21 thoughts on “The Future of Solar is Bright

  1. why aren’t solar technologies subsidized? fossil fuels are in that the price they are sold at doesn’t reflect their true cost – the true price which will be paid sooner or later by future generations.

    1. Fossil fuels are not subsidized. Royalties, leasing, income tax etc are paid by oil companies. Having certain tax exemptions is not a subsidy. A subsidy is forcibly taking money from one party and giving it to another. This does not happen. Chevron paid top 3 income tax for all publicly traded companies in America in 2014.

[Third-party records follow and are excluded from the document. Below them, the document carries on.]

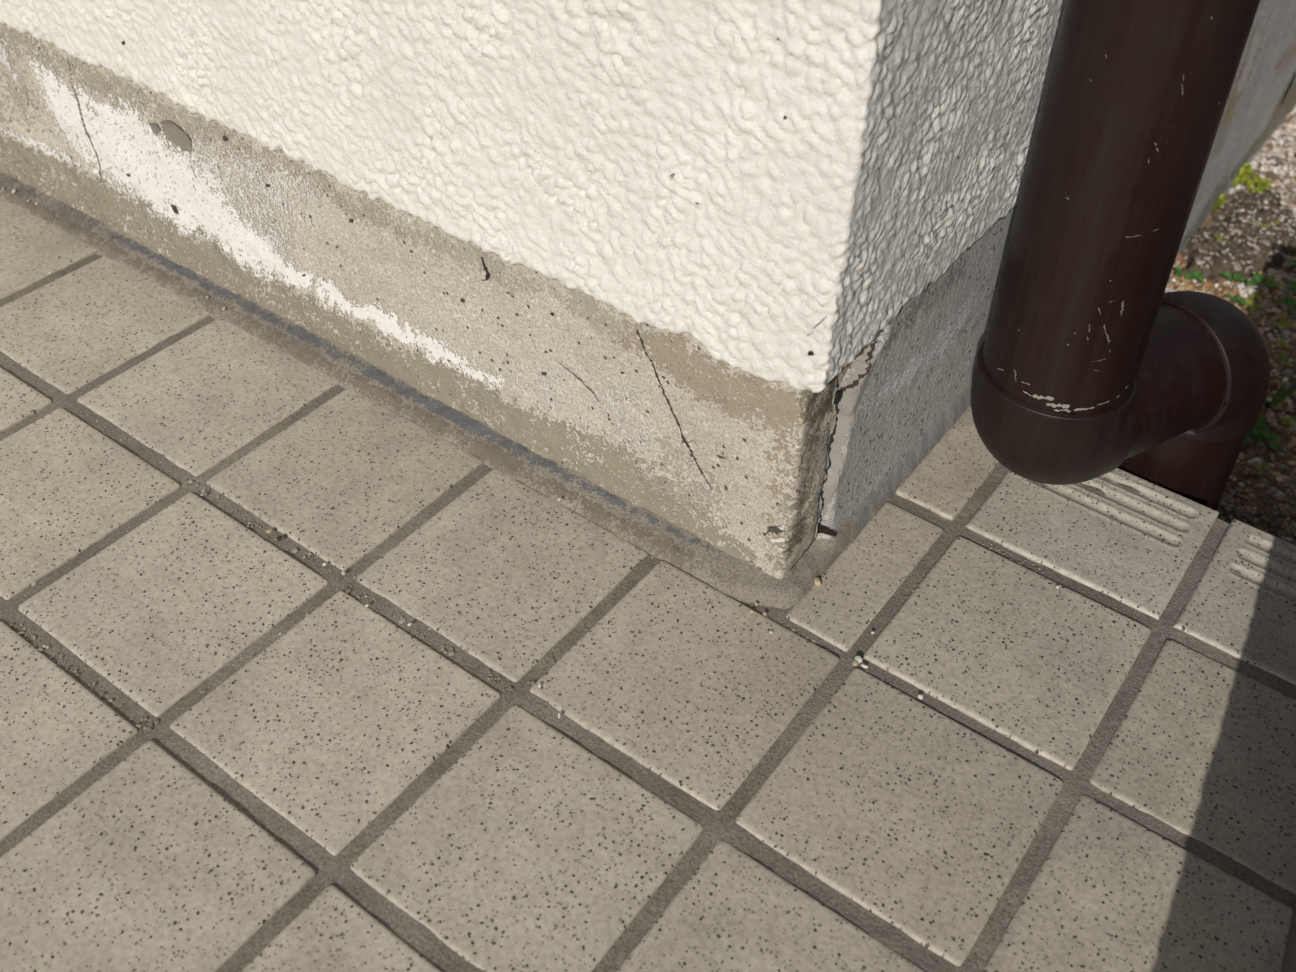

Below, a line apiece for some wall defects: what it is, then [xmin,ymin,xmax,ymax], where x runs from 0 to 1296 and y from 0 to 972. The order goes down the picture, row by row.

water stain [0,23,837,599]
crack [636,330,712,490]
crack [790,341,877,570]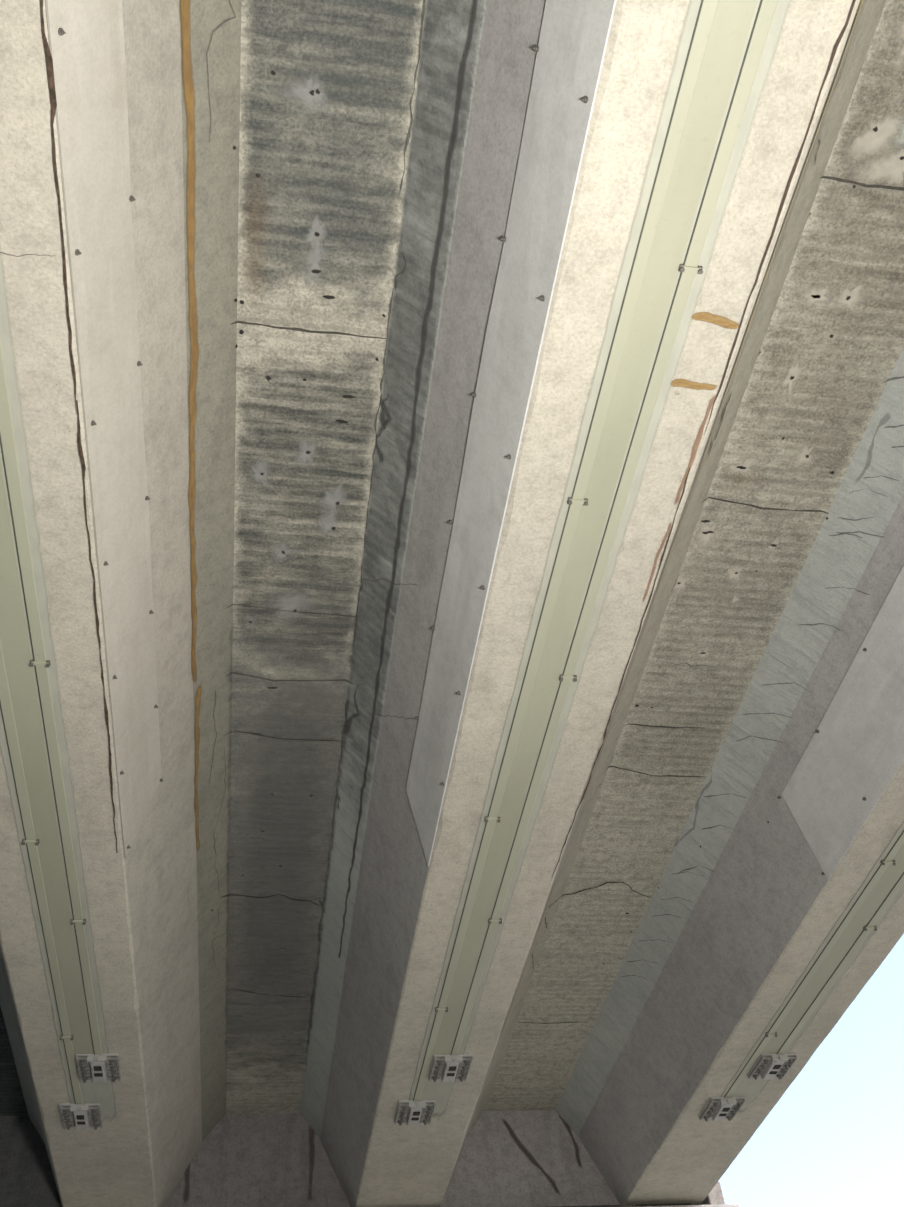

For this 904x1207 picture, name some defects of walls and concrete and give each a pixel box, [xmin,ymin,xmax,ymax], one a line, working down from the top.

crack [0,0,117,849]
corrosion [180,0,201,849]
crack [209,689,323,975]
damp [226,0,477,1064]
crack [529,468,713,979]
corrosion [586,0,864,795]
crack [738,682,809,743]
crack [704,0,856,435]
crack [829,476,899,538]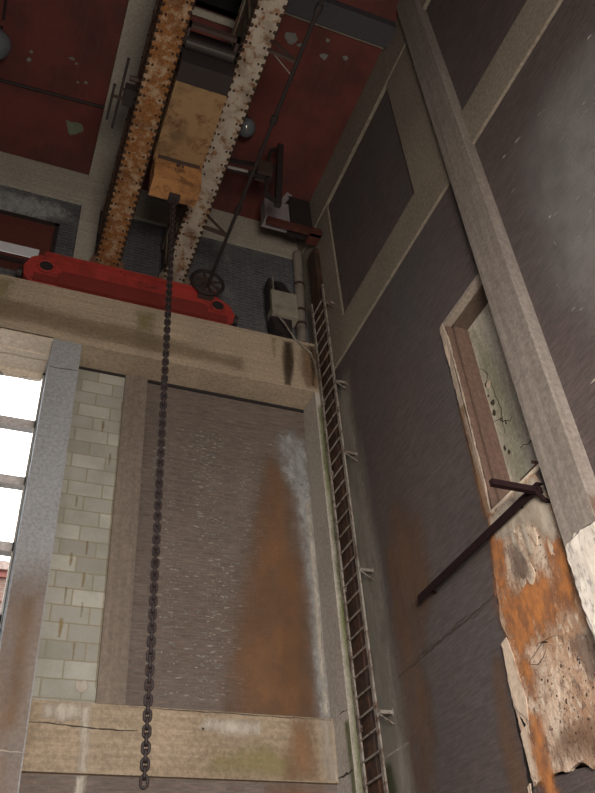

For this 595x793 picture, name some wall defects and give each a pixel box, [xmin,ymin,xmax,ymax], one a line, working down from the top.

crack [32,721,138,731]
leakage [141,407,337,780]
corrosion [238,472,309,717]
corrosion [476,470,575,694]
corrosion [529,713,557,793]
flaking render [492,474,595,787]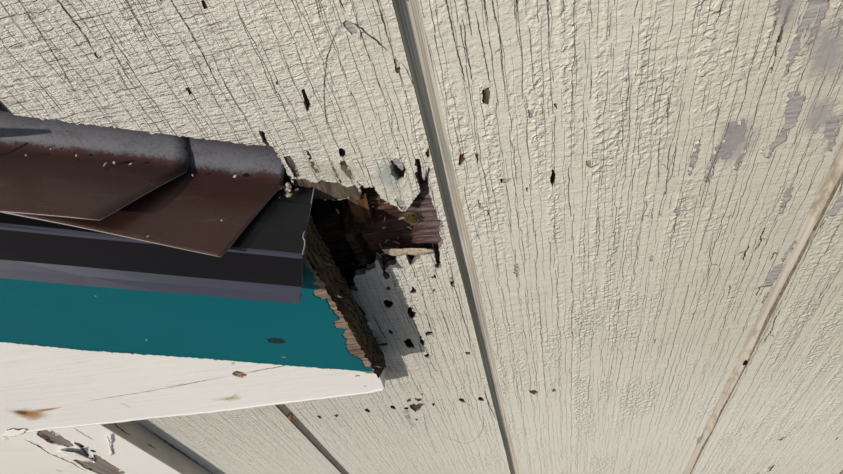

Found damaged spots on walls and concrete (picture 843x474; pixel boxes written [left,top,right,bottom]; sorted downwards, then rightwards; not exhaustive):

crack [57,0,140,96]
crack [171,1,218,86]
crack [315,0,390,128]
crack [445,0,506,96]
peeling [770,0,829,74]
peeling [284,151,362,201]
crack [658,100,677,184]
peeling [704,118,749,182]
peeling [759,91,805,158]
peeling [824,113,843,152]
crack [738,184,786,260]
peeling [37,430,125,474]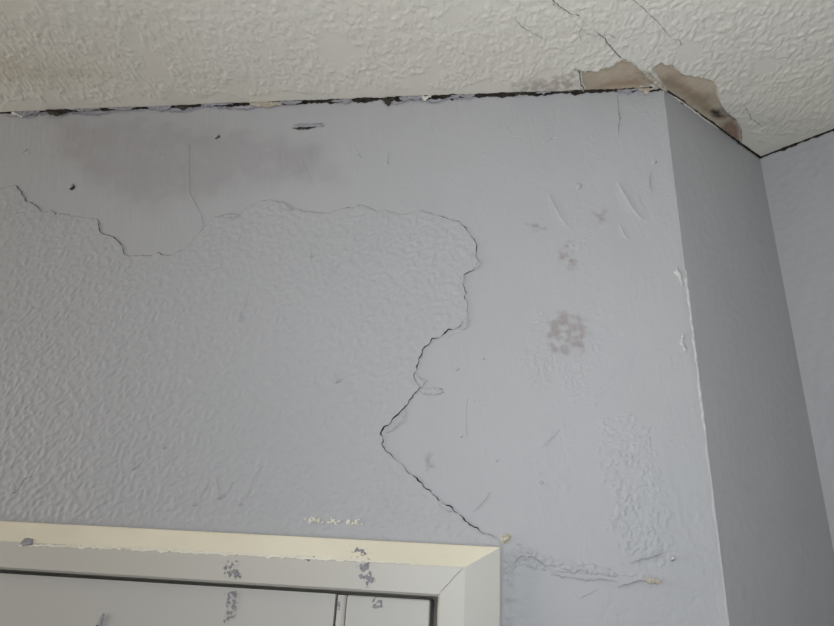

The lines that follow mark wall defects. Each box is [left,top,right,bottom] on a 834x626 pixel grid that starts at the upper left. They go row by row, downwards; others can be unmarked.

crack [551,0,636,67]
crack [632,0,682,46]
crack [0,87,834,159]
peeling [575,60,743,143]
peeling [96,219,194,257]
peeling [378,210,497,539]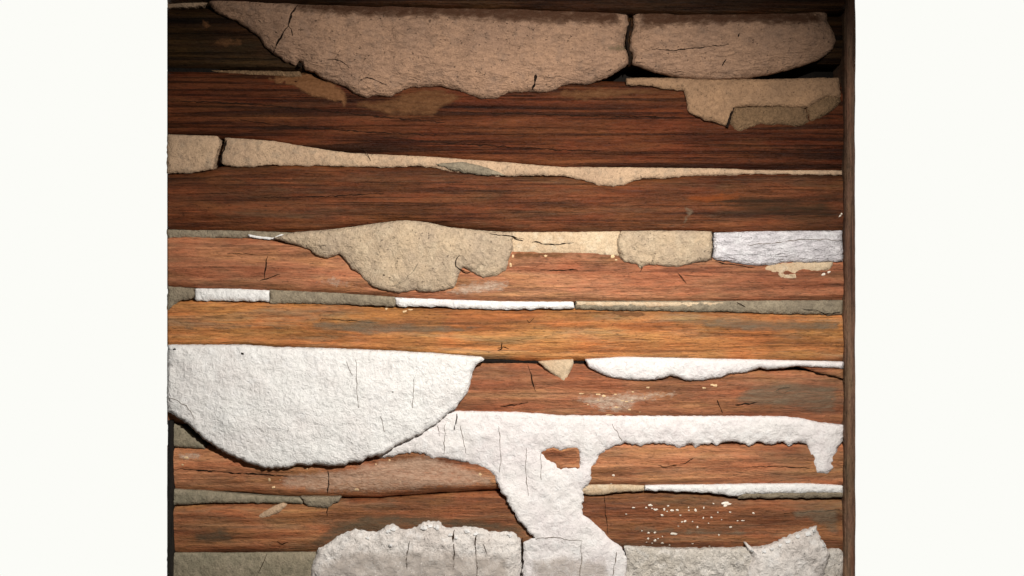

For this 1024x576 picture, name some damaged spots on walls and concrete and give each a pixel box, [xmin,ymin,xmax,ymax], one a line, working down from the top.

crack [273,5,298,53]
peeling [209,1,841,131]
crack [626,18,740,66]
peeling [274,220,514,293]
peeling [611,230,843,278]
crack [437,415,466,453]
peeling [167,344,844,576]
crack [498,367,542,496]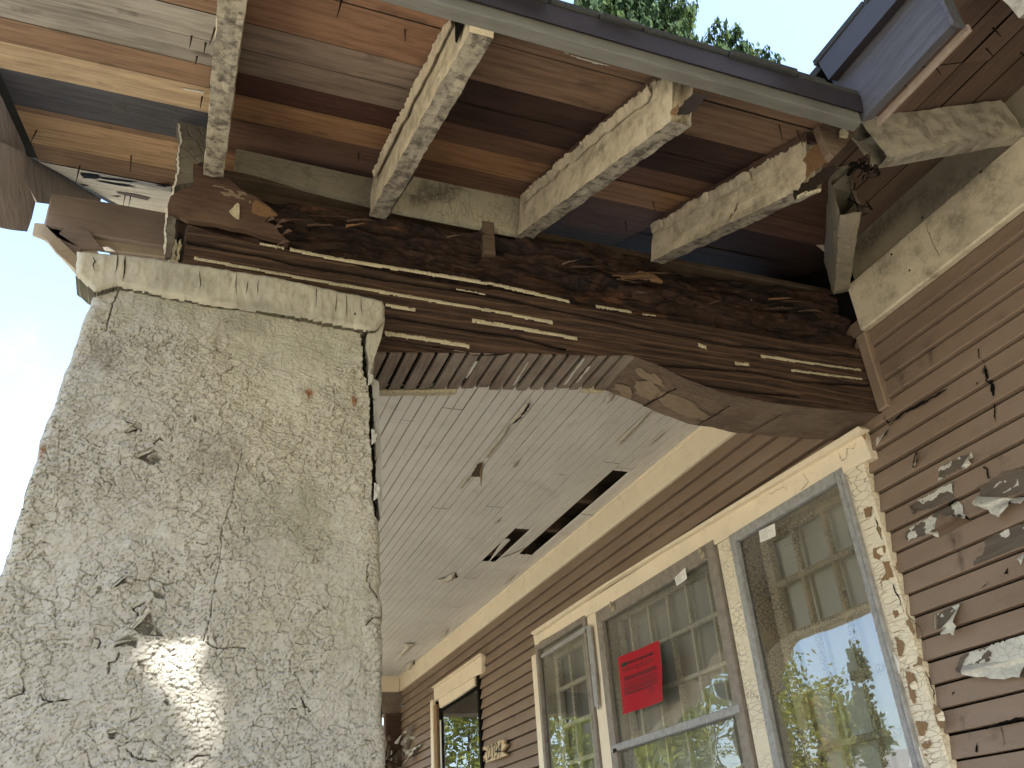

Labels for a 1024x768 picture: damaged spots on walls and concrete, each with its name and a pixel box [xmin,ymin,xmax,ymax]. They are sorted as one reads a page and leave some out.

      Stop being misinformed.

      1. A tax break is 100% a subsidy for any business purpose. I have no dog in this fight, but a tax break is a way of taking money meant for the government and giving it back to a corporation. A subsidy is taking money from the government to offset a corporation’s costs. Same thing. If you need more proof, where do you think a subsidy comes from? Taxes.
        Company A pays $500 in taxes, gets a $250 subsidy, net payment $250
        Company B gets a 50% tax break from what would be a $500 tax bill, pays $250 in taxes.

    2. If we want to be more efficient and less expensive, the first thing we need to do is to make full use of the photons from the sun. That means we have to use motors, sensors, reflectors and racking systems correctly .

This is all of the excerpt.